→ **EXERCISE AIM**
Taking the line with "#1 round machined part (361,468,958,1016)" as the first and the line with "#6 round machined part (931,747,1467,1300)" as the last, set down exactly every line in that range from the entries below, and no more.
-- SUPPLIED RECORDS follows --
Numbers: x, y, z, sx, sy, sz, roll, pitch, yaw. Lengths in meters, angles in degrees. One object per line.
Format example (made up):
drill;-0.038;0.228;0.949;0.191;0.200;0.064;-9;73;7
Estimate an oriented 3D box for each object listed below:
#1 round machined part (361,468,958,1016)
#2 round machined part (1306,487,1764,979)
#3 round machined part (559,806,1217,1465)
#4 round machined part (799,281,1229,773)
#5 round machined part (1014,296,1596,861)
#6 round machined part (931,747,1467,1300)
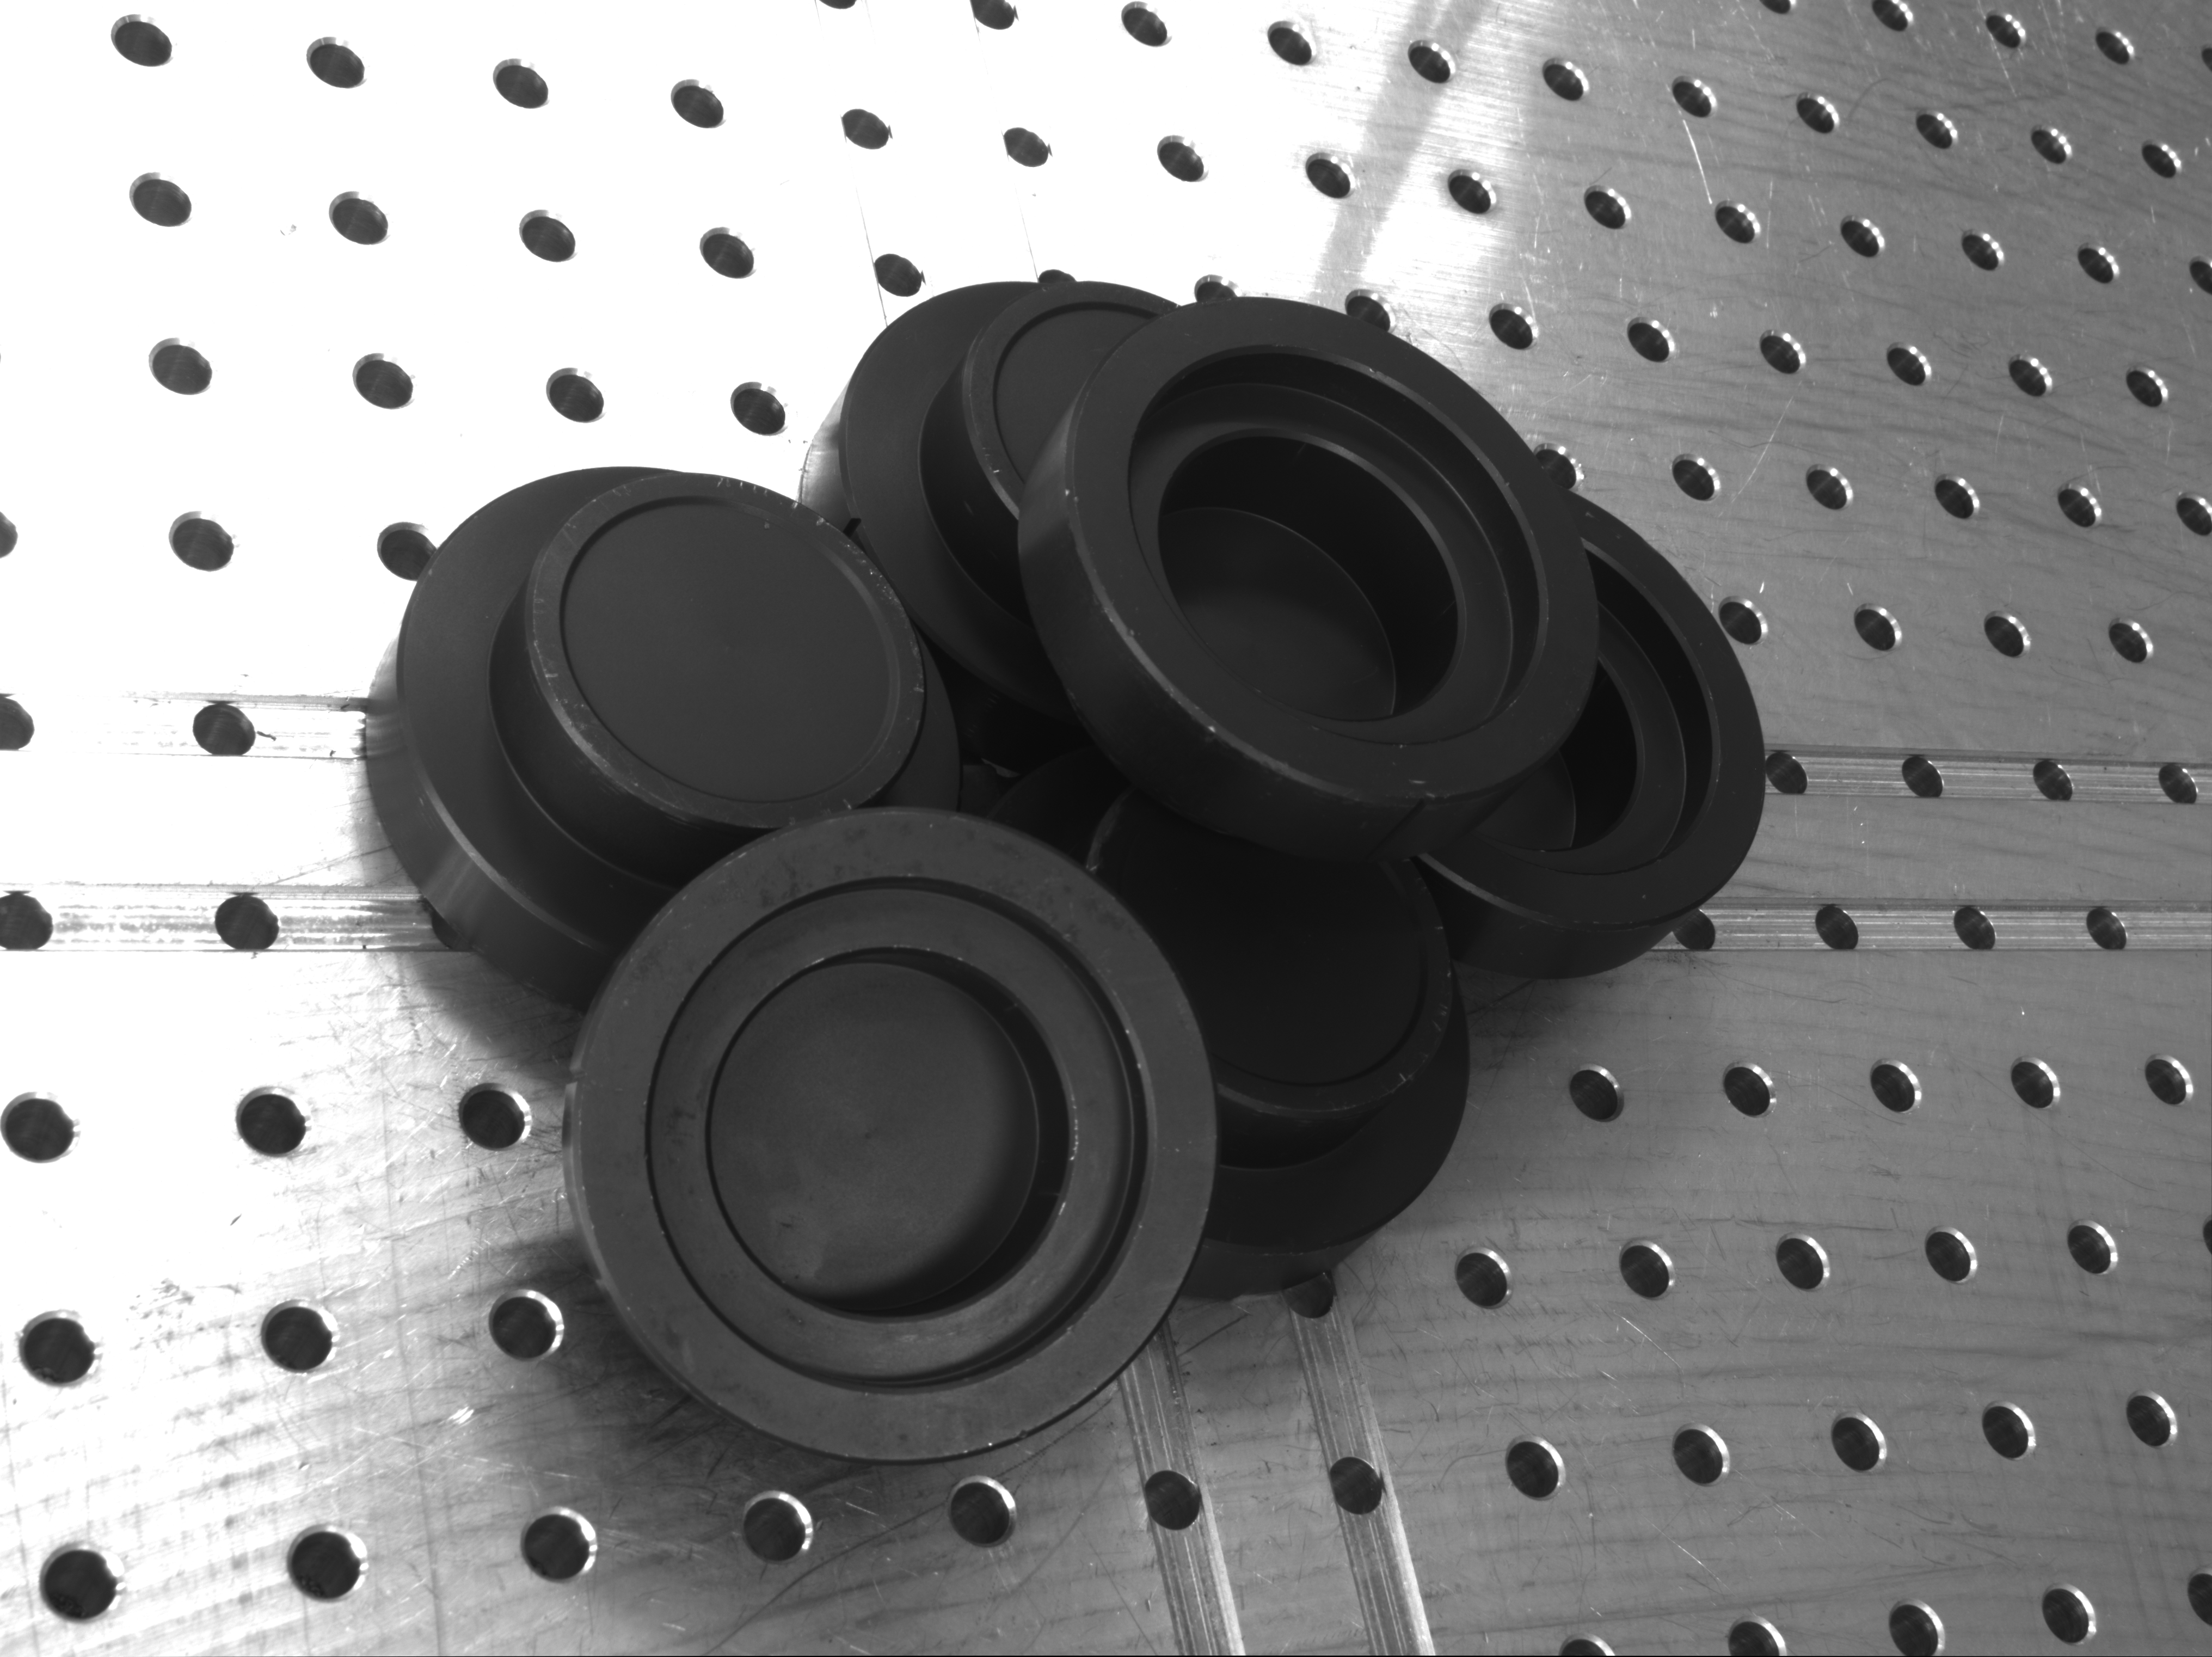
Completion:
round machined part;-0.069;-0.019;0.606;0.098;0.042;0.098;13;56;-21
round machined part;0.069;-0.016;0.677;0.098;0.042;0.098;13;56;-21
round machined part;-0.035;0.047;0.567;0.098;0.042;0.098;1;84;-14
round machined part;-0.003;-0.060;0.666;0.098;0.042;0.098;13;56;-21
round machined part;0.029;-0.037;0.615;0.098;0.042;0.098;13;56;-21
round machined part;0.019;0.027;0.625;0.098;0.042;0.098;13;56;-21
-- SUPPLIED RECORDS concluded --
→ **ANSWER SECTION**
#1 round machined part (361,468,958,1016)
#2 round machined part (1306,487,1764,979)
#3 round machined part (559,806,1217,1465)
#4 round machined part (799,281,1229,773)
#5 round machined part (1014,296,1596,861)
#6 round machined part (931,747,1467,1300)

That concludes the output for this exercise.